> [Records provided]:
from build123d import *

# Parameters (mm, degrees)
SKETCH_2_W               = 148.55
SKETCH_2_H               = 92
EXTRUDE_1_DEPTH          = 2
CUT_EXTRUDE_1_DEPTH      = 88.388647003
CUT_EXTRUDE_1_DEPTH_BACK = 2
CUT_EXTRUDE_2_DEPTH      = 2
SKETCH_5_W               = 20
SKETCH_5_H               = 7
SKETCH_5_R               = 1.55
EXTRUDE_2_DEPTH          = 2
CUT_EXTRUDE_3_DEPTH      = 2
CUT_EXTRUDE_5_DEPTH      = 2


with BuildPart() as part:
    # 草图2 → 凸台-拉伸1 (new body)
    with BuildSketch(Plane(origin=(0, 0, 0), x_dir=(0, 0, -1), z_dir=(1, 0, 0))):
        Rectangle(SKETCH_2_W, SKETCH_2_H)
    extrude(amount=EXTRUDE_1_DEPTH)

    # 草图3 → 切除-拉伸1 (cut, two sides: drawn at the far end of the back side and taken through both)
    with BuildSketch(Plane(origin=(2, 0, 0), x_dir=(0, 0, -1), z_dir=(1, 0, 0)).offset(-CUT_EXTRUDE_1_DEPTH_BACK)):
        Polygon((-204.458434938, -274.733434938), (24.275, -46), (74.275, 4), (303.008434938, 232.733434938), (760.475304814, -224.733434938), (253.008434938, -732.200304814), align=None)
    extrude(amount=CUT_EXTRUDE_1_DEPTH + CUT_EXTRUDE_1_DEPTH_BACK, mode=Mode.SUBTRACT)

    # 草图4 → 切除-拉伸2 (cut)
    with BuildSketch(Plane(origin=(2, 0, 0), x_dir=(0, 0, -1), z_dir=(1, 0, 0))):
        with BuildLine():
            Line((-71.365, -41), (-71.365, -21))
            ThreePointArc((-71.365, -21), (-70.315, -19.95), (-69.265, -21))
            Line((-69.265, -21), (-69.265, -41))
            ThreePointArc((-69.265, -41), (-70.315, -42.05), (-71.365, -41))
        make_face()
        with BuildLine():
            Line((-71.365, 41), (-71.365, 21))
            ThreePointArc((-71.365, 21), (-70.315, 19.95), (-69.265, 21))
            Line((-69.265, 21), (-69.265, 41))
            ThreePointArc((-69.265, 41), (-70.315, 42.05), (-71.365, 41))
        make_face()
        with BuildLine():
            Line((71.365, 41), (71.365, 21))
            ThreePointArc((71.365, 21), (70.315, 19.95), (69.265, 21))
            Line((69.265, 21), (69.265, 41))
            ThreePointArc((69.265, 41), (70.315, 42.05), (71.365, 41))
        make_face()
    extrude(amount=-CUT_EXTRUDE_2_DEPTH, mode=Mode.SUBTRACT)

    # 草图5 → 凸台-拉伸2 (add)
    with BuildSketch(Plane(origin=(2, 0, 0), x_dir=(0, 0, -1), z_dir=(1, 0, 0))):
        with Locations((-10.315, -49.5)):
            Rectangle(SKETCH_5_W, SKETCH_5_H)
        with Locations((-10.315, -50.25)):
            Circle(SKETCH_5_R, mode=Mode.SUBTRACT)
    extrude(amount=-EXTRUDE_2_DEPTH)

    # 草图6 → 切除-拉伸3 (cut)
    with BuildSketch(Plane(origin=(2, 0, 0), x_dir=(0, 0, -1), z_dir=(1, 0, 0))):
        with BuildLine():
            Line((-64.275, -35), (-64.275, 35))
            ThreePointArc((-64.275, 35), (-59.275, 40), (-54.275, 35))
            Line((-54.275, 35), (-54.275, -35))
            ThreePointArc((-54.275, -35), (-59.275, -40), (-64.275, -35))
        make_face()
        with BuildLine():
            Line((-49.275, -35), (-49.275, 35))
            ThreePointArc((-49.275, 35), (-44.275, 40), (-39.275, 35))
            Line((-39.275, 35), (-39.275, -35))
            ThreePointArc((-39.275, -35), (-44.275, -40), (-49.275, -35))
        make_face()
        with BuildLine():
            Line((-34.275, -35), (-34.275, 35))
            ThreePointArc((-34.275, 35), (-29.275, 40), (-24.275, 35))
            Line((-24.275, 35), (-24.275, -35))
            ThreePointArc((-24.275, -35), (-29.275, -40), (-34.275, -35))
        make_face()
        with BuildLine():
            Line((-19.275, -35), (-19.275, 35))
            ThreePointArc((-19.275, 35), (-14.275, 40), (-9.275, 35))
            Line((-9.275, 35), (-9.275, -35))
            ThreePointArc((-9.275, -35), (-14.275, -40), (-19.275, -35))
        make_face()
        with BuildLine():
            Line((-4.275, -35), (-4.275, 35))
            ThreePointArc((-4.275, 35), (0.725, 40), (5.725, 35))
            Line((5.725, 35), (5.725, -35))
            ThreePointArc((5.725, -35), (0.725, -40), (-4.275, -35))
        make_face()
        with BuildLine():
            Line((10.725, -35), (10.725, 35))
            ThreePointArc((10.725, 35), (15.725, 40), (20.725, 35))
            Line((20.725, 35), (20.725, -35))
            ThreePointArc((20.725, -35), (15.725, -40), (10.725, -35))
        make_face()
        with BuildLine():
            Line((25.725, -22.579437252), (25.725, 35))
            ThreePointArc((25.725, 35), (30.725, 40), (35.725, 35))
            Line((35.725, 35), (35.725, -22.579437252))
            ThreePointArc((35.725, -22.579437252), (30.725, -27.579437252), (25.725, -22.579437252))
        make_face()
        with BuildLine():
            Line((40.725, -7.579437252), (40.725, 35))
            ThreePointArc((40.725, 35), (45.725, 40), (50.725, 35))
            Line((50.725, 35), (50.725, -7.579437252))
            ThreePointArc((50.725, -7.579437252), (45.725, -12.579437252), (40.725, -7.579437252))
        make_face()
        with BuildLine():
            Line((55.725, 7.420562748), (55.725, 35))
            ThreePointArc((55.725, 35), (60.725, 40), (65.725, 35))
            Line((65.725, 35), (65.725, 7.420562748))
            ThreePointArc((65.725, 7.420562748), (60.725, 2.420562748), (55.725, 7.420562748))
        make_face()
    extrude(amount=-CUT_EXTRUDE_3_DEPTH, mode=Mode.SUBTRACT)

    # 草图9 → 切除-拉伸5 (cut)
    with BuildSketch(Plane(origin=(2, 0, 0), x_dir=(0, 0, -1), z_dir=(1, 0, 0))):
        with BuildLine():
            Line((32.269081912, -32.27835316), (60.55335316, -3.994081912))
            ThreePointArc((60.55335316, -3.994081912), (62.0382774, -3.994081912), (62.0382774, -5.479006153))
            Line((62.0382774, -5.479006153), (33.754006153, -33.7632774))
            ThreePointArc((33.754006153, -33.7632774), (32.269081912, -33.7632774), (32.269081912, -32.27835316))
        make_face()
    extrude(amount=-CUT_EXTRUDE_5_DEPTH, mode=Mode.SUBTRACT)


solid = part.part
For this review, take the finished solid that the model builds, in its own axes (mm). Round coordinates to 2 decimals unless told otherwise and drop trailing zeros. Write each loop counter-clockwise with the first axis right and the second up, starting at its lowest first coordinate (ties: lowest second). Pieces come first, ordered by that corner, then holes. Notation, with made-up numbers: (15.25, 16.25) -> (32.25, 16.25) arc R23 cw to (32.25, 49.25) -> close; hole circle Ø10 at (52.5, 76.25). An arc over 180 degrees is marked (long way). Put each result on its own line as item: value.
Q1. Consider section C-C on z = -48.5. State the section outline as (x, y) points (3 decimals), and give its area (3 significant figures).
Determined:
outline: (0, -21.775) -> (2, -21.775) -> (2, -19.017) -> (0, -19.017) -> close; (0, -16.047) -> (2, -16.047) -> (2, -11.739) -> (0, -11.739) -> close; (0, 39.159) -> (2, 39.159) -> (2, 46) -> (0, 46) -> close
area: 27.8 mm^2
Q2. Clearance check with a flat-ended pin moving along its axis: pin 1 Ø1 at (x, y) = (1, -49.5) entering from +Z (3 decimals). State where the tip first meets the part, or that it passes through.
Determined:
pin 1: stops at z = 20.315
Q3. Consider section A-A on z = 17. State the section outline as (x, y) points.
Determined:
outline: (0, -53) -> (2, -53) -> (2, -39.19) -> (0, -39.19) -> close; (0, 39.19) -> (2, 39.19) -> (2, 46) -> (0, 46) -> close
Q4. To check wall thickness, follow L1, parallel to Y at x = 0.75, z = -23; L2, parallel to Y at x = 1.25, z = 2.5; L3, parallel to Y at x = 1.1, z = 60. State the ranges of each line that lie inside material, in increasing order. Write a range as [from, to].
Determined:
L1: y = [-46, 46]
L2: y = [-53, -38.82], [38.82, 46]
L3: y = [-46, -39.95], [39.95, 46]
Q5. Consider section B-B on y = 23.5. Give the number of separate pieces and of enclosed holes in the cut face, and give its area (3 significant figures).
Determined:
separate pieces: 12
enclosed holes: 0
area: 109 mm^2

> [Problem to work on]: Starting at the line with "separate pieces: 12", restate each line through the end of the records, both ends included, and stop there.

> [Solution for this task]:
separate pieces: 12
enclosed holes: 0
area: 109 mm^2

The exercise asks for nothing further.